Venice introducing fees, surveillance and pre-bookings to combat overtourism
Mayor Luigi Brugnaro says his aim is make tourism in the historic Italian city more sustainable
From a control room inside the police headquarters in Venice, Big Brother is watching you.
To combat tourist overcrowding, officials are tracking every person who sets foot in the historic Italian lagoon city.
Using 468 CCTV cameras, optical sensors and a mobile phone-tracing system, they can tell residents from visitors, Italians from foreigners, where people are coming from, where they are heading and how fast they are moving.
Every 15 minutes, authorities get a snapshot of how crowded the city is — along with how many gondolas are sliding on the Canal Grande, whether boats are speeding and if the waters rise to dangerous levels.
Now, a month after cruise ships were banned from the lagoon, city authorities are preparing to demand that tourists pre-book their visit on an app and charge day-trippers between three and 10 euros to enter, depending on the time of the year.
New rules a hard sell, mayor admits
Airport-like turnstiles are being tested to control the flow of people and, should the numbers become overwhelming, stop new visitors from getting in.
Venice Mayor Luigi Brugnaro says his aim is to make tourism more sustainable in a city visited by 25 million people a year. But he acknowledges the new rules are likely to be a hard sell.
"I expect protests, lawsuits, everything … but I have a duty to make this city liveable for those who inhabit it and also for those who want to visit," he told foreign reporters on Sunday.
Potential visitors are skeptical.
"It brings the wrong tone in me when I hear that I have to pay entrance just to see the buildings in the streets of the city because who decides who can go in?" said Marc Schieber, a German national in town for the Venice Film Festival.
"I think it is probably a new way to generate money."
Brugnaro said authorities have yet to decide how many people are too many, and when the new rules would kick in, though they are expected to come into force sometime between next summer and 2023.
Pandemic paused tourism
The scheme, first considered in 2019, was postponed because of COVID-19.

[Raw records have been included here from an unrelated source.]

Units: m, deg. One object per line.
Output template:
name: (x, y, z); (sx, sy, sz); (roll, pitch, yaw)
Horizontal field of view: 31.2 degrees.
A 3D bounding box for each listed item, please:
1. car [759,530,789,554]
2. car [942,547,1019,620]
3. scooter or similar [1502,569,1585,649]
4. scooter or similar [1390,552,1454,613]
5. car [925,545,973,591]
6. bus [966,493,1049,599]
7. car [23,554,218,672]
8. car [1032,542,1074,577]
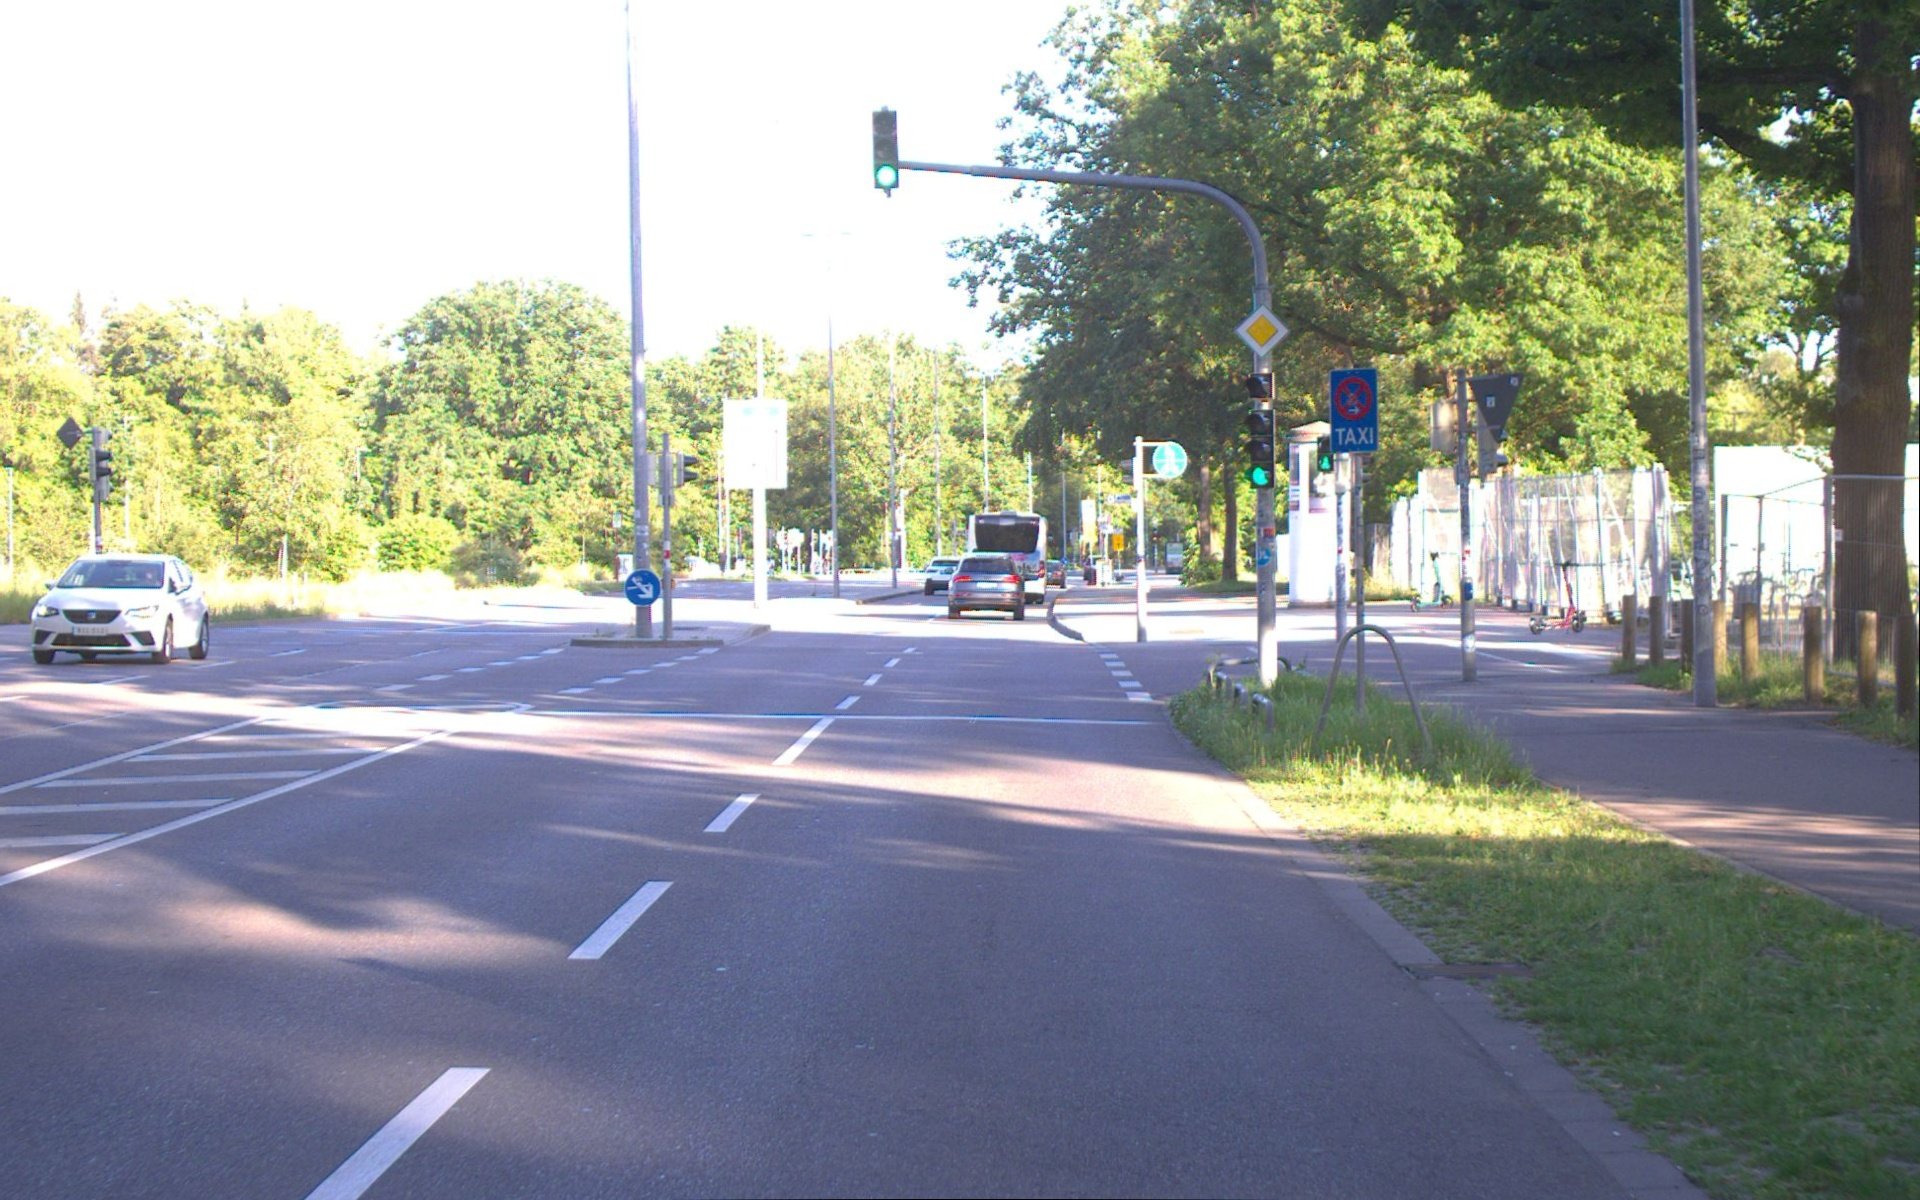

During last year's lockdown, Venetians marvelled at their city's narrow alleys for once not crowded by throngs of tourists, the lagoon waters made pristine by the absence of motorboats.
But as visitors returned to pack St Mark's Square this summer, officials say Venice cannot afford to let the numbers go unchecked if it wants to survive.
Some 193,000 people squeezed into the historic centre in a single day during the 2019 Carnival, before the pandemic struck. On Aug. 4 this year, the city counted 148,000, with the difference explained by the fact many U.S. and Asian travellers have still not returned to Europe.
"There is a physical limitation on the number of people that can be in the city at the same time," said Marco Bettini, director general of Venis, the IT company that built the monitoring system in partnership with phone operator TIM.
"We don't want to leave anyone behind or stop people from coming to Venice. We want people to book in advance, tell us where they want to go, what they want to visit, in order to provide a better quality of service."
'Conditions attached'
Residents, students and commuters will be exempt from the tourist tax. So will those spending at least one night in a Venice hotel, given they will have already paid the overnight tariff of up to five euros a day levied by the city.
Brugnaro brushed aside concerns about privacy, saying the data collected was anonymous. But his message was clear: by controlling the number of tourists that come to Venice, he also wants travellers to behave.
"There'll be conditions attached to obtain priority bookings and discounts," he said. "You can't come in your swimming suit. You can't jump from a bridge or get drunk. Whoever comes must respect the city."
In Venice, where the number of residents has shrunk to just 55,000, from about 175,000 in the 1950s, Brugnaro's plan is the subject of heated debate, with some worrying it will deter less well-heeled tourists and turn the city into a theme park.
Others, such as 50-year-old Stefano Verratti who sells Murano glass near the train station, backed the idea of discouraging day-trippers.
"I have been here for 30 years, and it used to be very different. Before, Venice was really romantic," he said.
"Now it's just people rushing to buy a kebab, take a quick selfie on the Rialto bridge, and then rushing to take a train. I don't know if they really enjoy it."